D'autres collègues pharmaciens ayant fait du lean management dans leur stérilisation lui ont fait le même retour d'expérience. Ils pensent que c'est une démarche intéressante qui apporte de bonnes méthodes de travail, qui favorise l'amélioration continue de la qualité et permet de chiffrer l'activité. Ils pensent que la participation des blocs est ou serait bénéfique, et soulignent l'accompagnement nécessaire au quotidien pour le maintien du projet.

Lors de l'édition précédente du congrès, en 2017, le service de stérilisation de l'hôpital Lariboisière à Paris (AP-HP) avait montré que le lean management lui avait permis de fluidifier le circuit de stérilisation et de réduire les retards de traitement du matériel.

Des gains à l'HEGP aussi

A l'hôpital européen-Georges Pompidou (HEGP, AP-HP, Paris), où la stérilisation traite 5 millions d'unités d'œuvre par an, le lean management a aussi été utilisé, à la demande de la direction, et permet des gains, selon un bilan à six mois rapporté par Clara Balouzet, interne en pharmacie, lors d'une communication orale jeudi.
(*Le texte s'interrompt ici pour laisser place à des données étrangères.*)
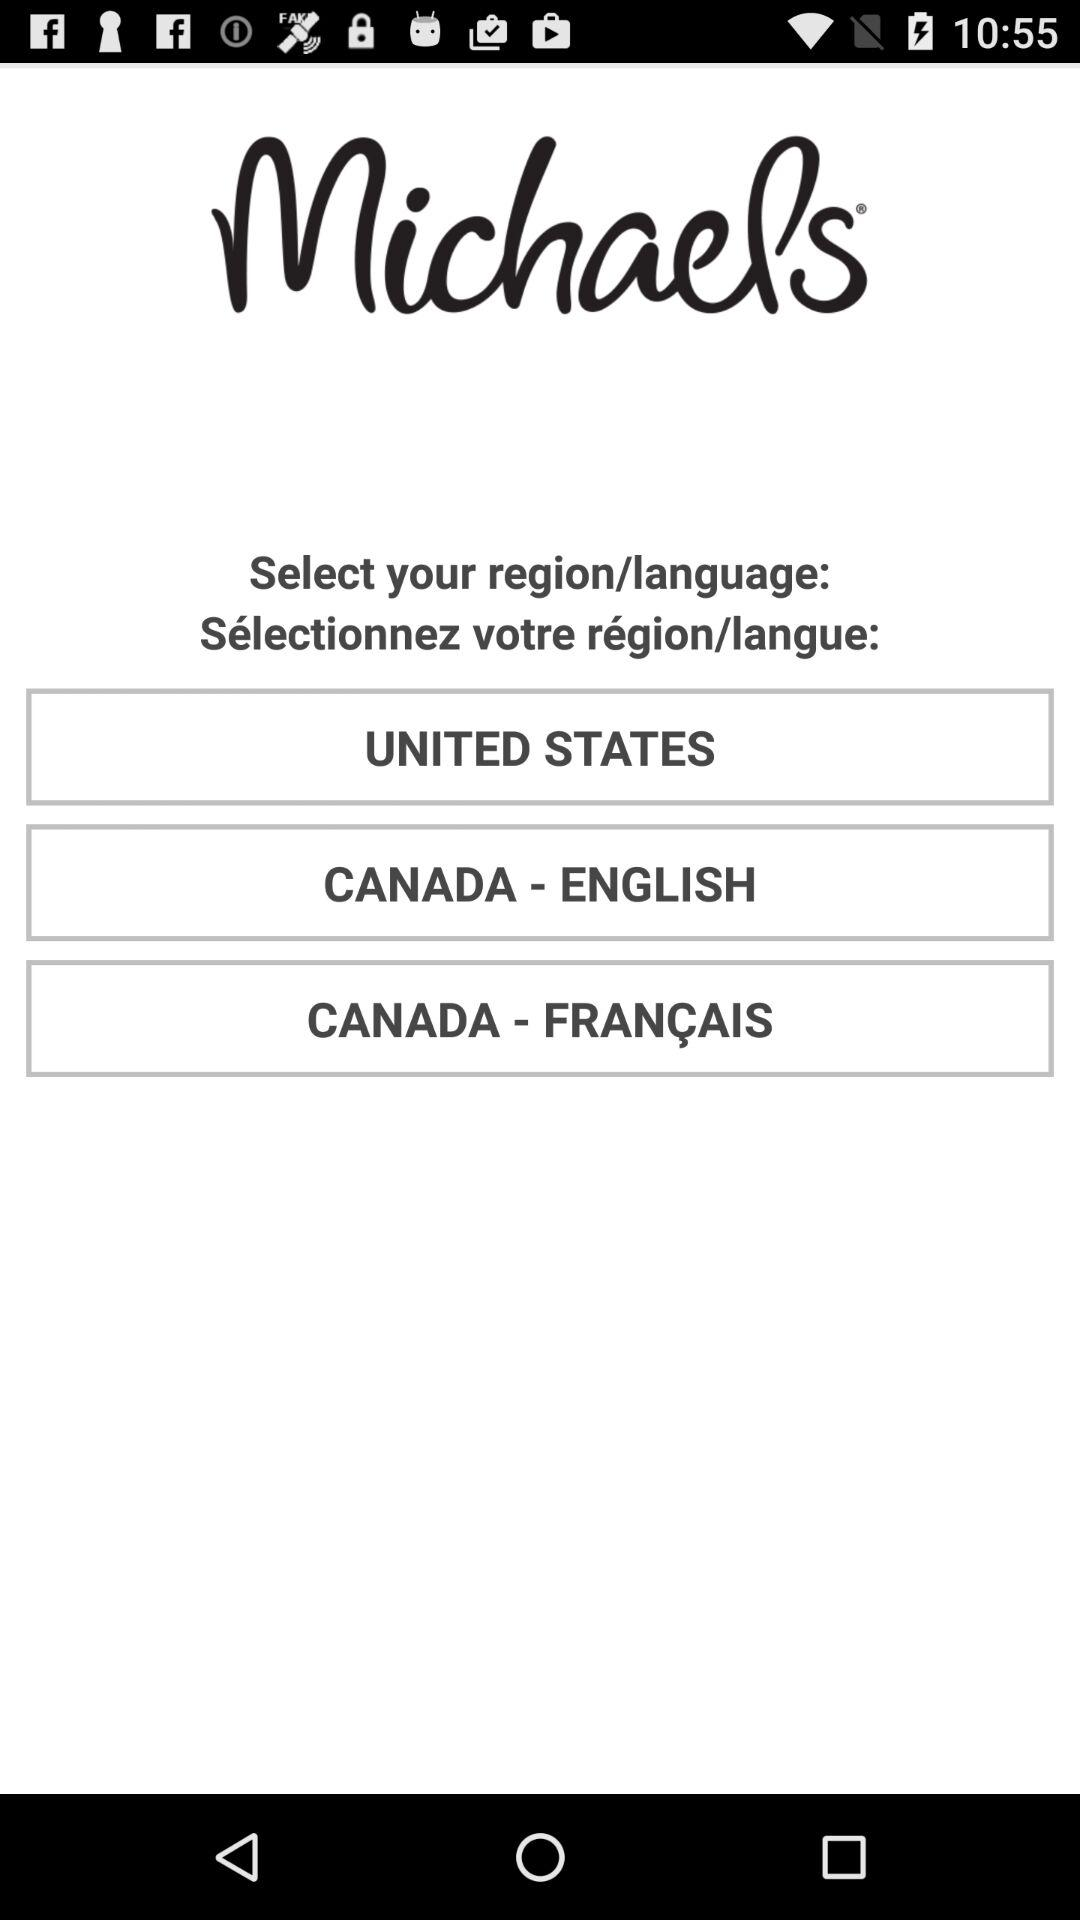What is the name of the application? The application name is "Michaels". 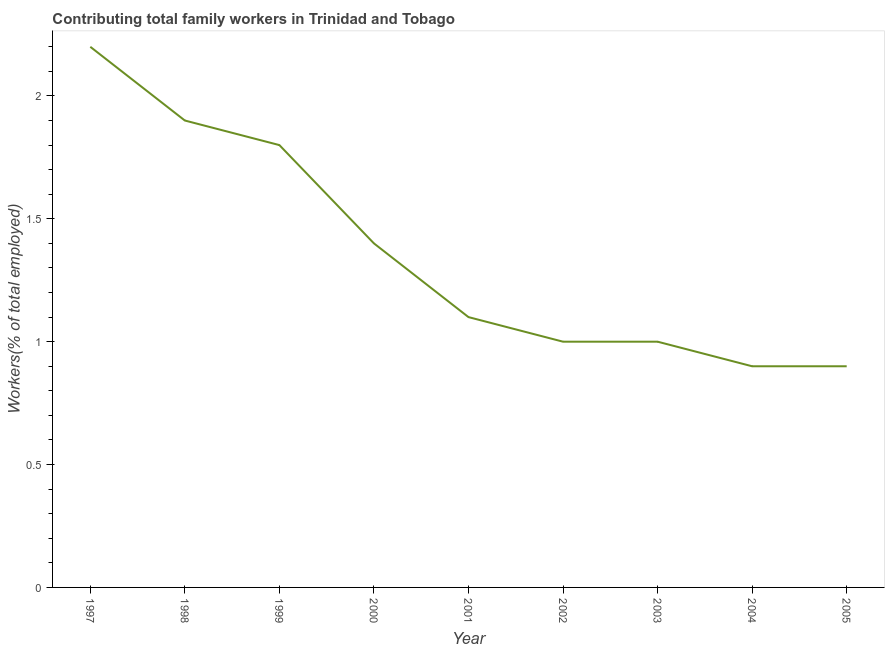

La méthode a conduit à mettre en place des stand-up, réunions courtes de 15 minutes maximum, tenues debout pour augmenter l'attention, avec tout le personnel et animées par le cadre de l'unité. Elles permettent de faire un point à la mi-journée entre les équipes du matin et de l'après-midi, de voir les résultats des contrôles, les non-conformités et cela favorise l'émergence de propositions. Ainsi, un indicateur visuel du lavage par patient (même couleur pour les paniers arrivant au lavage et correspondant à une même opération) a pu être testé et il a aidé à la recomposition ultérieure des plateaux, offrant un gain de temps.

Des indicateurs journaliers de performance ont été créés: une échelle de couleurs pour le niveau d'encombrement des tables de conditionnement en fonction du nombre de paniers à conditionner et un contrôle aléatoire des compositions avant passage au stérilisateur. Le premier a permis de fluidifier le travail et le second d'augmenter les exigences du personnel et donc la satisfaction du client, a rapporté Clara Balouzet.